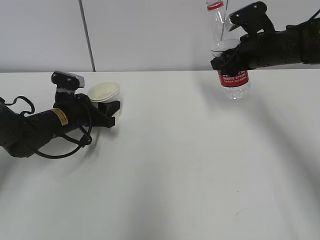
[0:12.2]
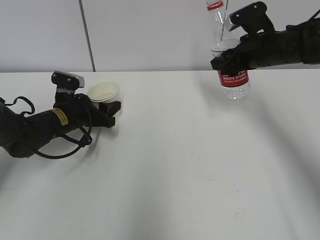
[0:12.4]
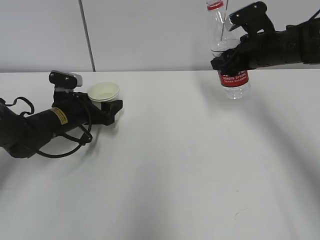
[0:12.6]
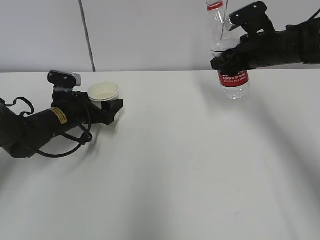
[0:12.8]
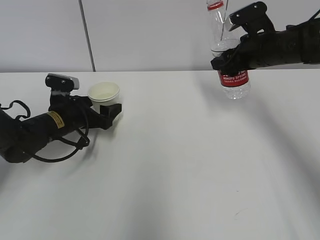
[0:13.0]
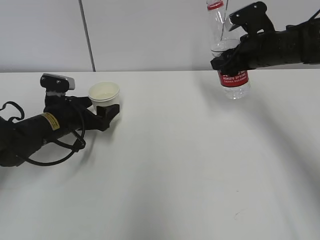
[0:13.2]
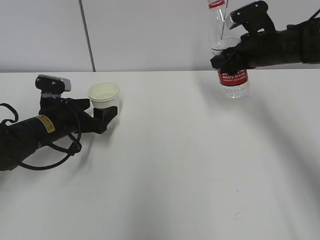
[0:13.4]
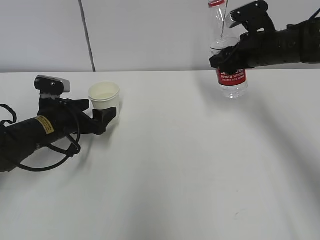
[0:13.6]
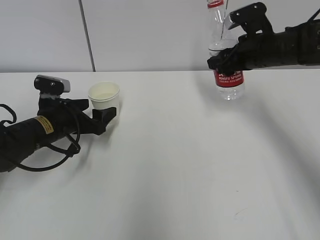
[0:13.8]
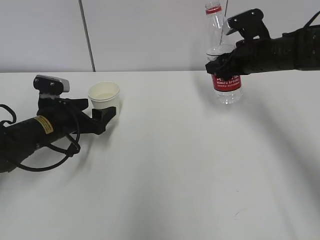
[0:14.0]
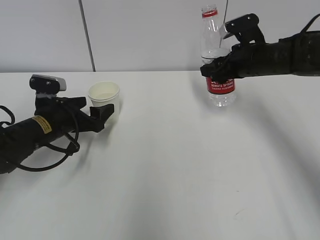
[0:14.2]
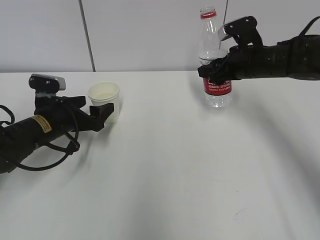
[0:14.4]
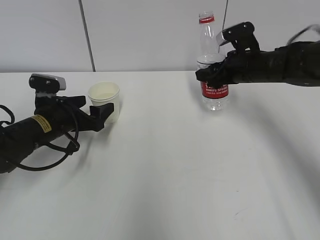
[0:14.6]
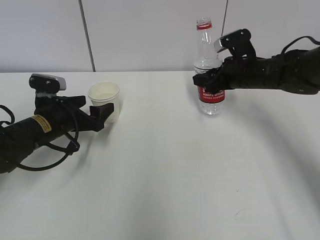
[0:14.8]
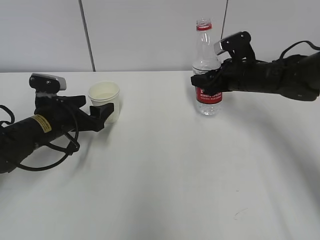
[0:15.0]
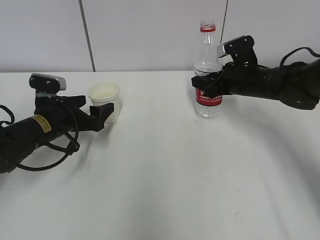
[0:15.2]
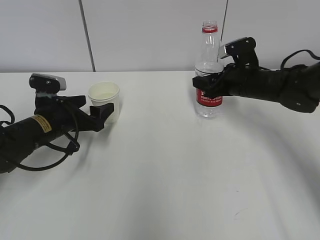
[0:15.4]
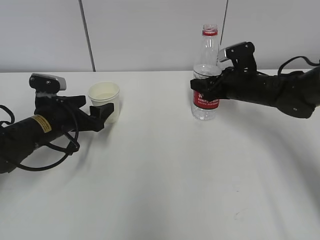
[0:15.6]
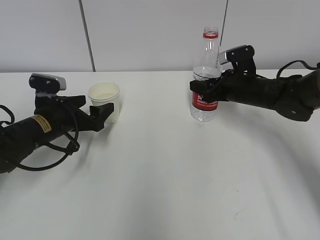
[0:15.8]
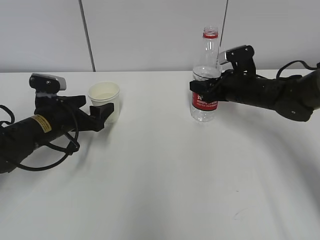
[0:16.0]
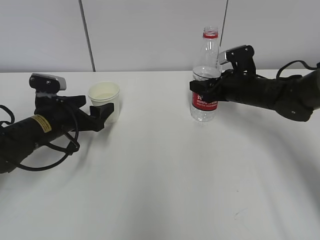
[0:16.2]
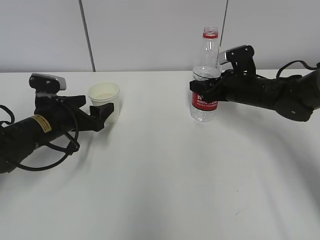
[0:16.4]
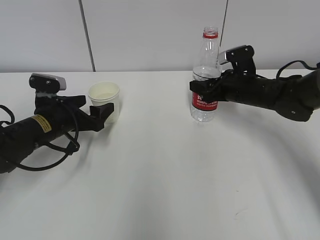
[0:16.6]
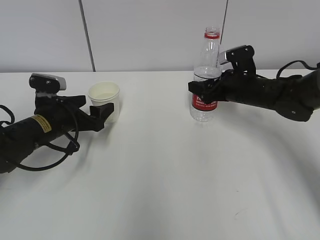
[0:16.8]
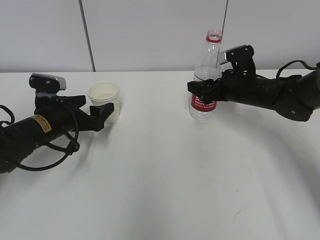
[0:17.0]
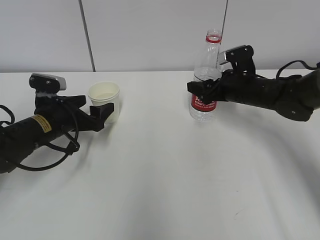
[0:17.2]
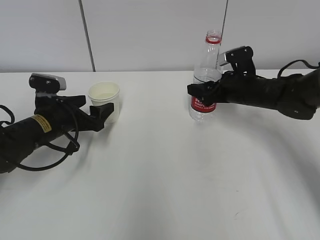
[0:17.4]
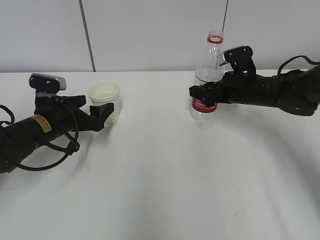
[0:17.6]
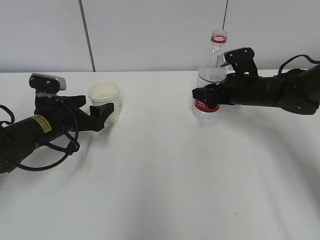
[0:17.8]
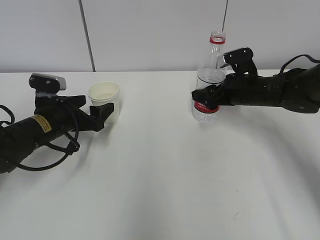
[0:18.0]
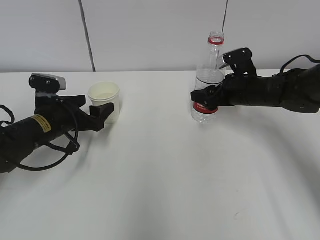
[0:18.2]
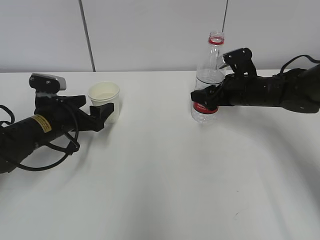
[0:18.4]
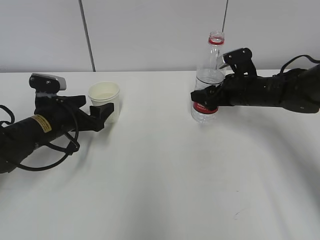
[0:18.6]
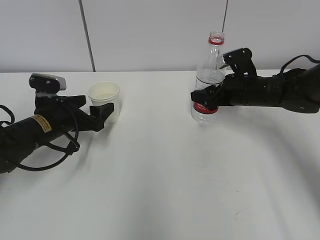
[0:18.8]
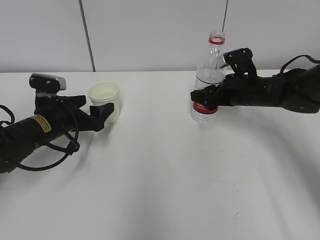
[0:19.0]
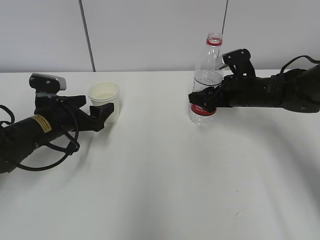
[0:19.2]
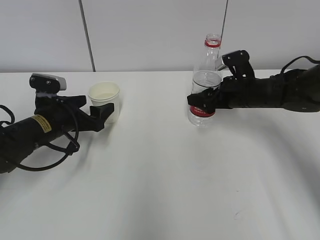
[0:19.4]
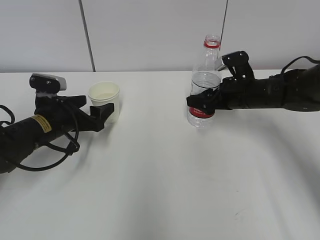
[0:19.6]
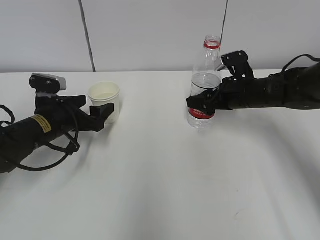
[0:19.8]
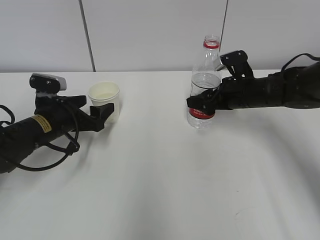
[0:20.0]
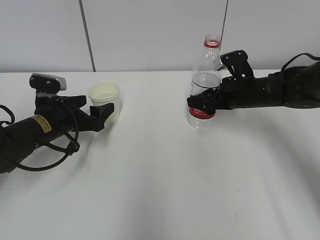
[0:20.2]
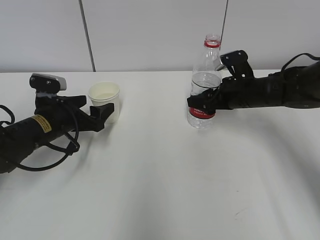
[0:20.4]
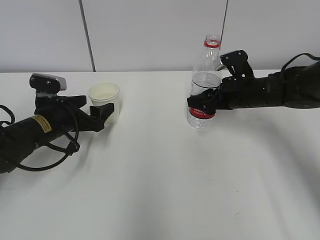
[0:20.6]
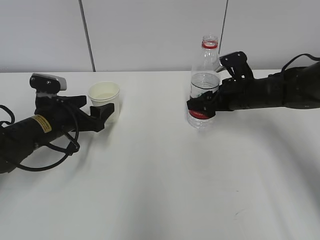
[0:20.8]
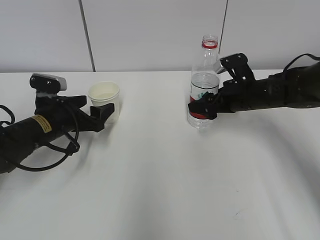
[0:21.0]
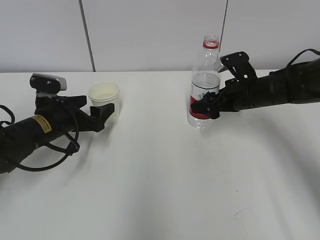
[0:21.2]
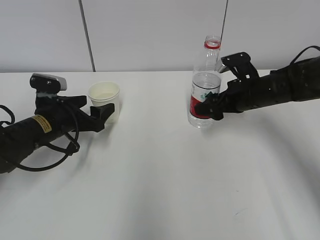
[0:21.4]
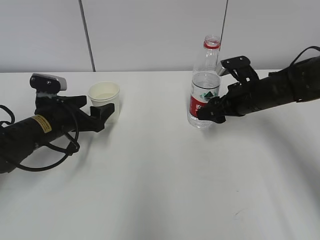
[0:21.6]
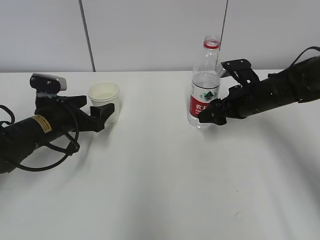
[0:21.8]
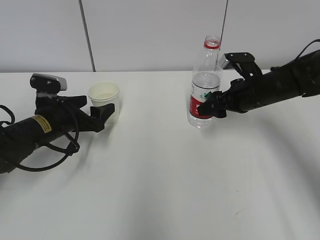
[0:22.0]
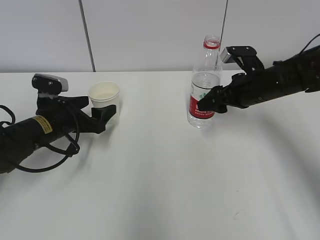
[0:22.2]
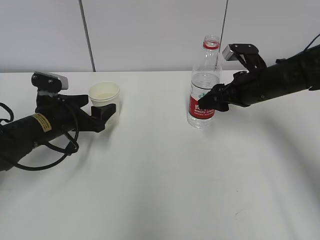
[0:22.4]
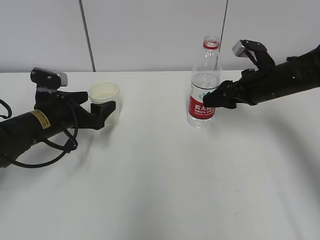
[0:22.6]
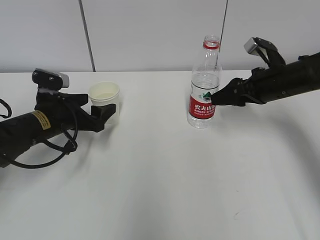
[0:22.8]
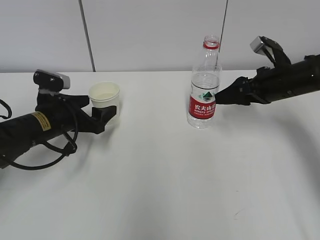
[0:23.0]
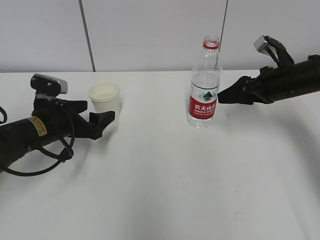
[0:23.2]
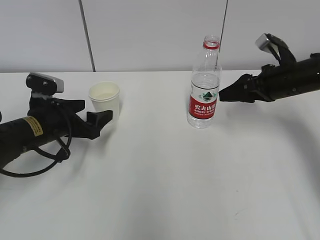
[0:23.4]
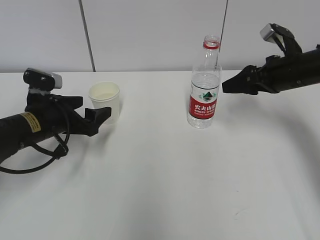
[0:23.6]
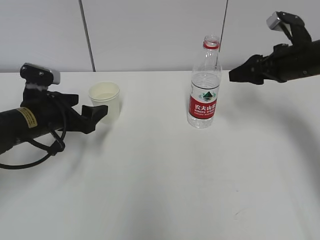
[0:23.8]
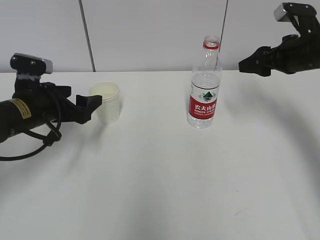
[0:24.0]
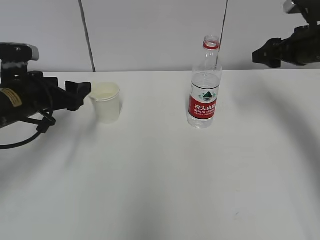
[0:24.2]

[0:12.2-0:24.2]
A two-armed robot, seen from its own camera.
Step, 0:12.2 to 0:15.2: Place the water bottle with the right hand.
0:12.2 to 0:13.8: The left gripper opens its fingers.
0:13.8 to 0:15.2: The right gripper goes approximately 5 cm downward.
0:15.2 to 0:16.6: The grippers stay close to where they were, moving slightly.
0:16.6 to 0:18.2: The right gripper opens its fingers.
0:18.2 to 0:21.2: The grippers move only a little.
0:21.2 to 0:22.6: The right gripper closes up.
0:22.6 to 0:24.2: The right gripper moves to the right and upward, some 10 cm, while the left gripper moves upward, some 5 cm.
——————
● PROBLEM TO WORK ON:
Pictures stay out; the data above is to be returned exactly.

● WRITTEN ANSWER:
[0:12.2]
[0:12.4]
[0:12.6]
[0:12.8]
[0:13.0]
[0:13.2]
[0:13.4]
[0:13.6]
[0:13.8]
[0:14.0]
[0:14.2]
[0:14.4]
[0:14.6]
[0:14.8]
[0:15.0]
[0:15.2]
[0:15.4]
[0:15.6]
[0:15.8]
[0:16.0]
[0:16.2]
[0:16.4]
[0:16.6]
[0:16.8]
[0:17.0]
[0:17.2]
[0:17.4]
[0:17.6]
[0:17.8]
[0:18.0]
[0:18.2]
[0:18.4]
[0:18.6]
[0:18.8]
[0:19.0]
[0:19.2]
[0:19.4]
[0:19.6]
[0:19.8]
[0:20.0]
[0:20.2]
[0:20.4]
[0:20.6]
[0:20.8]
[0:21.0]
[0:21.2]
[0:21.4]
[0:21.6]
[0:21.8]
[0:22.0]
[0:22.2]
[0:22.4]
[0:22.6]
[0:22.8]
[0:23.0]
[0:23.2]
[0:23.4]
[0:23.6]
[0:23.8]
[0:24.0]
[0:24.2]

[0:12.2-0:24.2]
A two-armed robot, seen from its own camera.
Step, 0:12.2 to 0:15.2: Place the water bottle with the right hand.
0:12.2 to 0:13.8: The left gripper opens its fingers.
0:13.8 to 0:15.2: The right gripper goes approximately 5 cm downward.
0:15.2 to 0:16.6: The grippers stay close to where they were, moving slightly.
0:16.6 to 0:18.2: The right gripper opens its fingers.
0:18.2 to 0:21.2: The grippers move only a little.
0:21.2 to 0:22.6: The right gripper closes up.
0:22.6 to 0:24.2: The right gripper moves to the right and upward, some 10 cm, while the left gripper moves upward, some 5 cm.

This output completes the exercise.